## TASK DETAILS
From the data below, copy each line that includes the word "terse".

DATASET EXTRACT section start

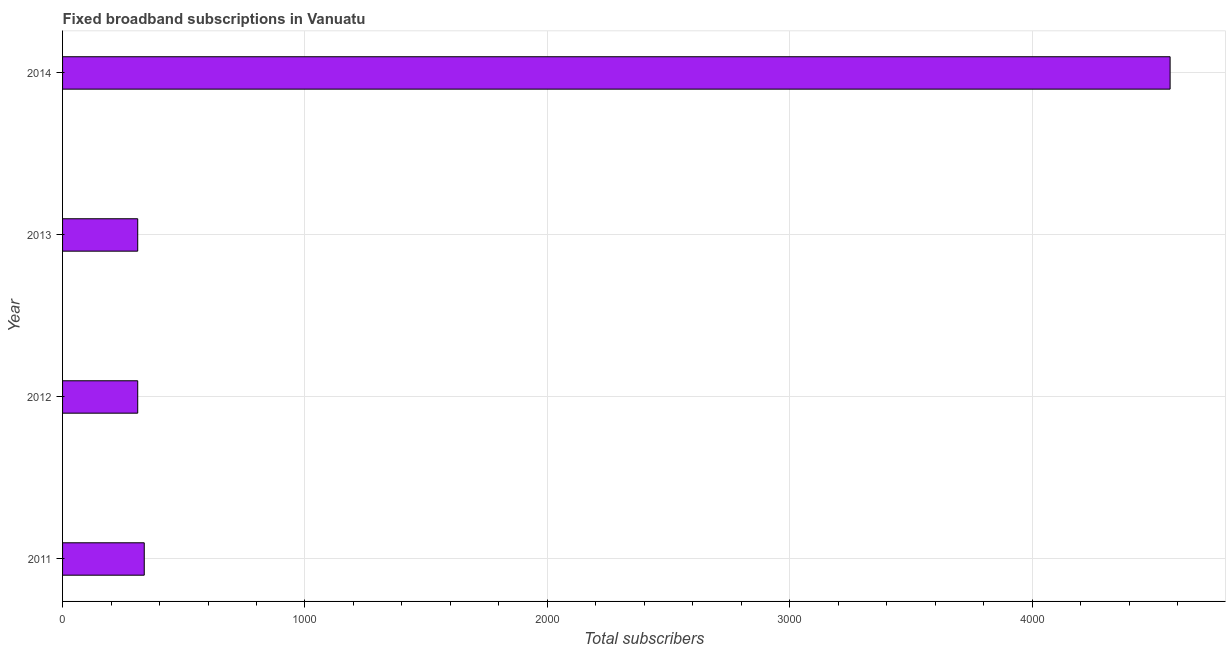Does the graph contain any zero values?
Give a very brief answer. No. What is the title of the graph?
Provide a short and direct response. Fixed broadband subscriptions in Vanuatu. What is the label or title of the X-axis?
Give a very brief answer. Total subscribers. What is the total number of fixed broadband subscriptions in 2011?
Your answer should be compact. 337. Across all years, what is the maximum total number of fixed broadband subscriptions?
Provide a short and direct response. 4569. Across all years, what is the minimum total number of fixed broadband subscriptions?
Your response must be concise. 310. What is the sum of the total number of fixed broadband subscriptions?
Provide a succinct answer. 5526. What is the difference between the total number of fixed broadband subscriptions in 2013 and 2014?
Give a very brief answer. -4259. What is the average total number of fixed broadband subscriptions per year?
Your answer should be very brief. 1381. What is the median total number of fixed broadband subscriptions?
Offer a terse response. 323.5. Do a majority of the years between 2013 and 2012 (inclusive) have total number of fixed broadband subscriptions greater than 800 ?
Ensure brevity in your answer.  No. What is the ratio of the total number of fixed broadband subscriptions in 2011 to that in 2013?
Offer a terse response. 1.09. Is the total number of fixed broadband subscriptions in 2011 less than that in 2013?
Provide a short and direct response. No. Is the difference between the total number of fixed broadband subscriptions in 2011 and 2014 greater than the difference between any two years?
Your answer should be very brief. No. What is the difference between the highest and the second highest total number of fixed broadband subscriptions?
Offer a terse response. 4232. Is the sum of the total number of fixed broadband subscriptions in 2011 and 2013 greater than the maximum total number of fixed broadband subscriptions across all years?
Your answer should be compact. No. What is the difference between the highest and the lowest total number of fixed broadband subscriptions?
Keep it short and to the point. 4259. How many years are there in the graph?
Offer a very short reply. 4. Are the values on the major ticks of X-axis written in scientific E-notation?
Keep it short and to the point. No. What is the Total subscribers in 2011?
Offer a very short reply. 337. What is the Total subscribers in 2012?
Ensure brevity in your answer.  310. What is the Total subscribers in 2013?
Offer a very short reply. 310. What is the Total subscribers in 2014?
Offer a very short reply. 4569. What is the difference between the Total subscribers in 2011 and 2013?
Keep it short and to the point. 27. What is the difference between the Total subscribers in 2011 and 2014?
Make the answer very short. -4232. What is the difference between the Total subscribers in 2012 and 2014?
Provide a short and direct response. -4259. What is the difference between the Total subscribers in 2013 and 2014?
Offer a very short reply. -4259. What is the ratio of the Total subscribers in 2011 to that in 2012?
Your response must be concise. 1.09. What is the ratio of the Total subscribers in 2011 to that in 2013?
Ensure brevity in your answer.  1.09. What is the ratio of the Total subscribers in 2011 to that in 2014?
Provide a short and direct response. 0.07. What is the ratio of the Total subscribers in 2012 to that in 2014?
Your answer should be compact. 0.07. What is the ratio of the Total subscribers in 2013 to that in 2014?
Make the answer very short. 0.07. 
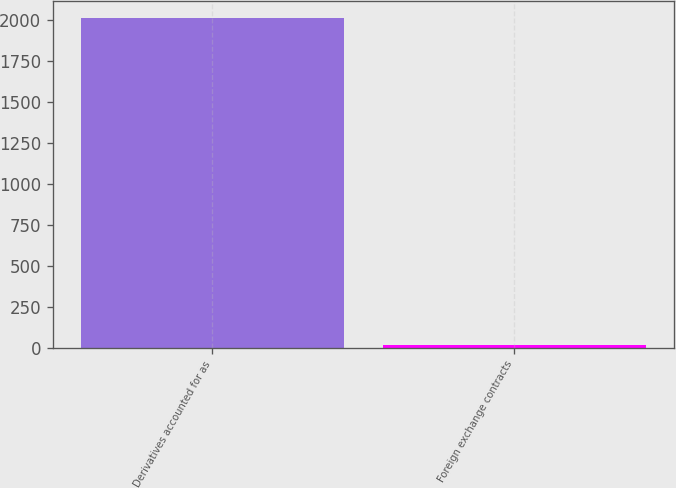<chart> <loc_0><loc_0><loc_500><loc_500><bar_chart><fcel>Derivatives accounted for as<fcel>Foreign exchange contracts<nl><fcel>2014<fcel>14<nl></chart> 
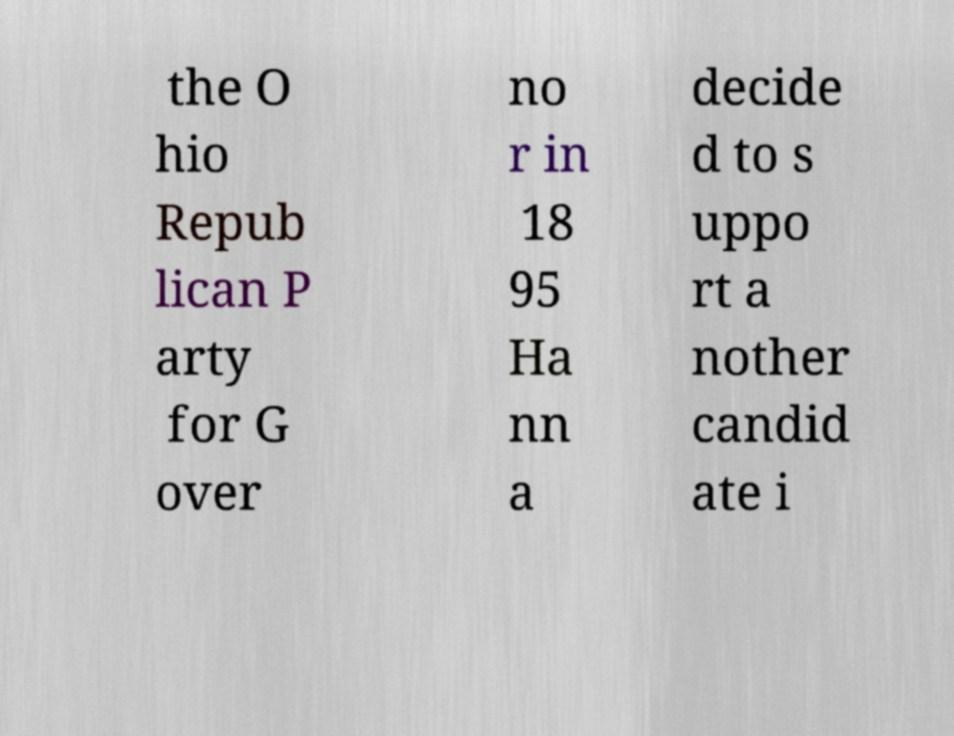I need the written content from this picture converted into text. Can you do that? the O hio Repub lican P arty for G over no r in 18 95 Ha nn a decide d to s uppo rt a nother candid ate i 
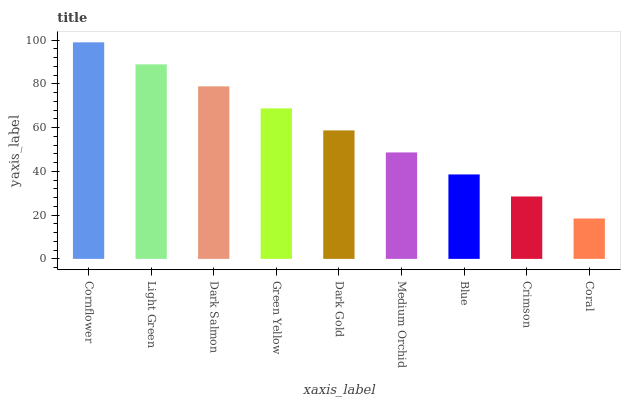Is Coral the minimum?
Answer yes or no. Yes. Is Cornflower the maximum?
Answer yes or no. Yes. Is Light Green the minimum?
Answer yes or no. No. Is Light Green the maximum?
Answer yes or no. No. Is Cornflower greater than Light Green?
Answer yes or no. Yes. Is Light Green less than Cornflower?
Answer yes or no. Yes. Is Light Green greater than Cornflower?
Answer yes or no. No. Is Cornflower less than Light Green?
Answer yes or no. No. Is Dark Gold the high median?
Answer yes or no. Yes. Is Dark Gold the low median?
Answer yes or no. Yes. Is Dark Salmon the high median?
Answer yes or no. No. Is Coral the low median?
Answer yes or no. No. 
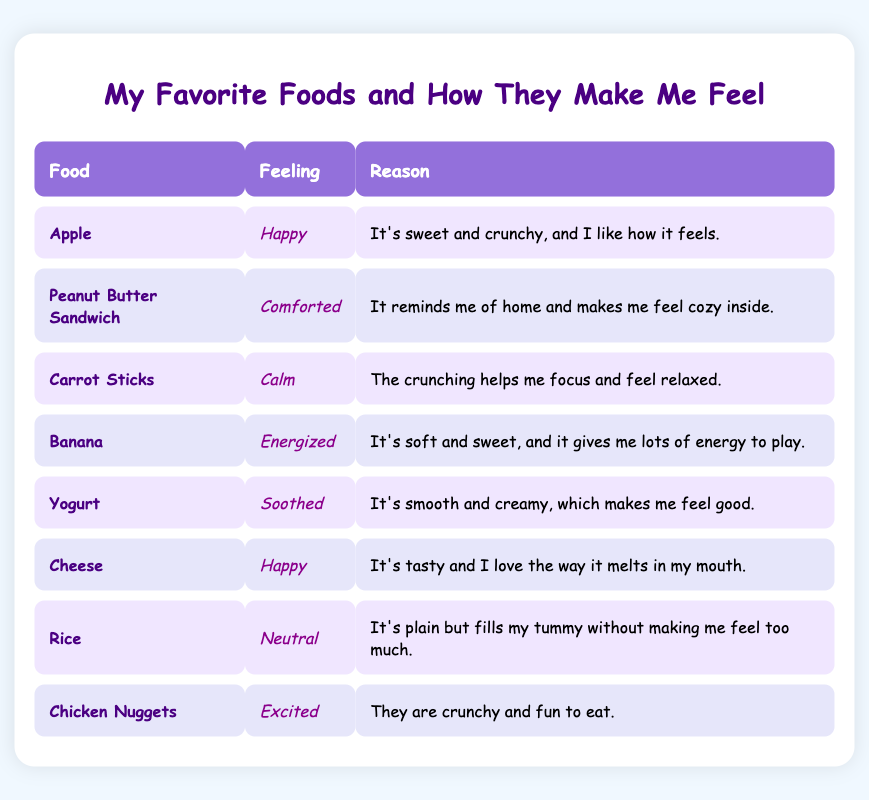What food makes you feel excited? The table shows that Chicken Nuggets make someone feel excited. We can look in the "Feeling" column and see that next to Chicken Nuggets, the feeling is noted as "Excited."
Answer: Chicken Nuggets Which food makes you feel calm? In the table, the food that makes someone feel calm is Carrot Sticks. The "Feeling" column next to Carrot Sticks shows "Calm."
Answer: Carrot Sticks Are there two foods that make you feel happy? Yes, both Apple and Cheese make someone feel happy. We can see that in the "Feeling" column, both are labeled with "Happy."
Answer: Yes What is the reason you feel energized when you eat a banana? The reason given for feeling energized when eating a banana is that it is soft and sweet, and it gives lots of energy to play. This is found in the "Reason" column next to Banana.
Answer: It's soft and sweet, and it gives me lots of energy to play Which food has a neutral feeling associated with it? Rice is associated with a neutral feeling, as shown in the "Feeling" column next to Rice where it says "Neutral."
Answer: Rice How many foods make you feel happy or excited? There are three foods: two that make you feel happy (Apple and Cheese) and one that makes you feel excited (Chicken Nuggets). So, adding them together gives a total of 3.
Answer: 3 Does yogurt make you feel happy? No, yogurt does not make you feel happy. The table indicates that yogurt makes someone feel "Soothed," which is different than happy.
Answer: No What is the common feeling for Apple and Cheese? Both Apple and Cheese have the feeling "Happy." We can look in the "Feeling" column and see both have "Happy" listed next to them.
Answer: Happy 
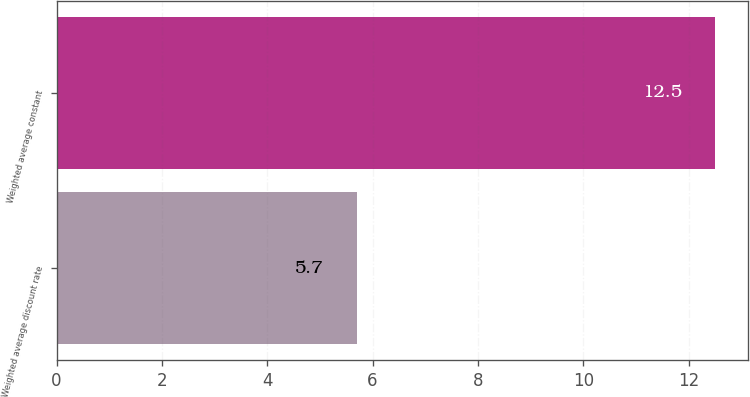<chart> <loc_0><loc_0><loc_500><loc_500><bar_chart><fcel>Weighted average discount rate<fcel>Weighted average constant<nl><fcel>5.7<fcel>12.5<nl></chart> 
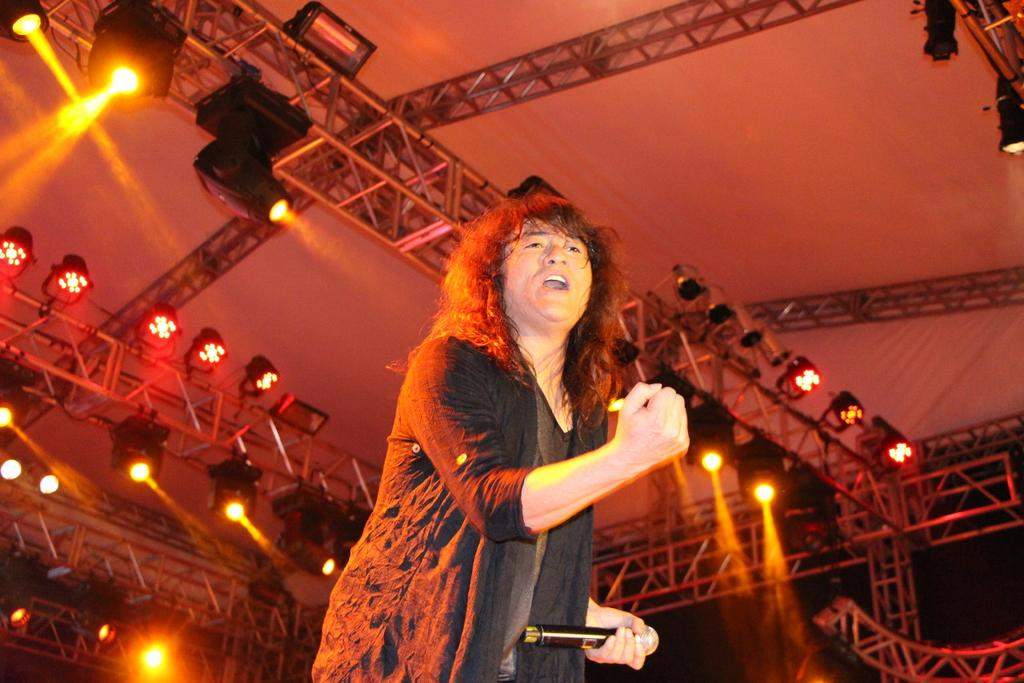What is the main subject of the image? There is a person standing in the center of the image. What is the person holding in the image? The person is holding a mic. What can be seen in the background of the image? There is a roof with metal frames visible in the background. Are there any lights visible in the image? Yes, some ceiling lights are present on the roof. Reasoning: Let'g: Let's think step by step in order to produce the conversation. We start by identifying the main subject of the image, which is the person standing in the center. Then, we describe what the person is holding, which is a mic. Next, we mention the background of the image, which includes a roof with metal frames. Finally, we acknowledge the presence of lights on the roof. Absurd Question/Answer: Can you see any visible veins on the person's hand in the image? There is no information about the person's hand or veins in the image, so we cannot determine if they are visible. Is there a faucet present in the image? No, there is no faucet visible in the image. Is there a calculator visible on the roof in the image? No, there is no calculator visible on the roof in the image. 
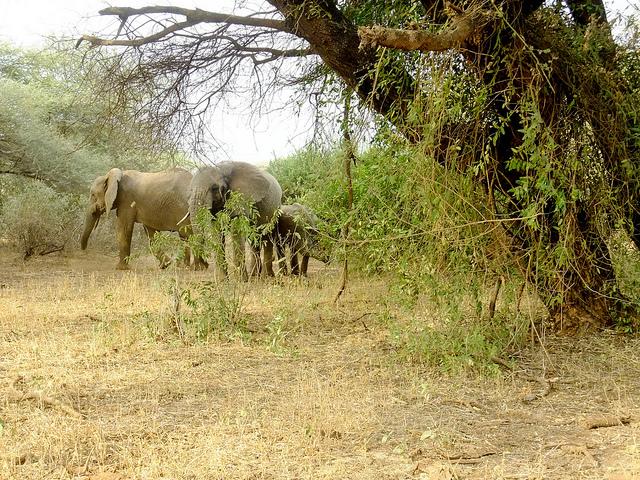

DATASET EXTRACT section end

## FINISHED EXERCISE
Offer a terse response. 323.5. Do a majority of the years between 2013 and 2012 (inclusive) have total number of fixed broadband subscriptions greater than 800 ?
Offer a terse response. 1.09. Is the total number of fixed broadband subscriptions in 2011 less than that in 2013?
Offer a terse response. 4232. Is the sum of the total number of fixed broadband subscriptions in 2011 and 2013 greater than the maximum total number of fixed broadband subscriptions across all years?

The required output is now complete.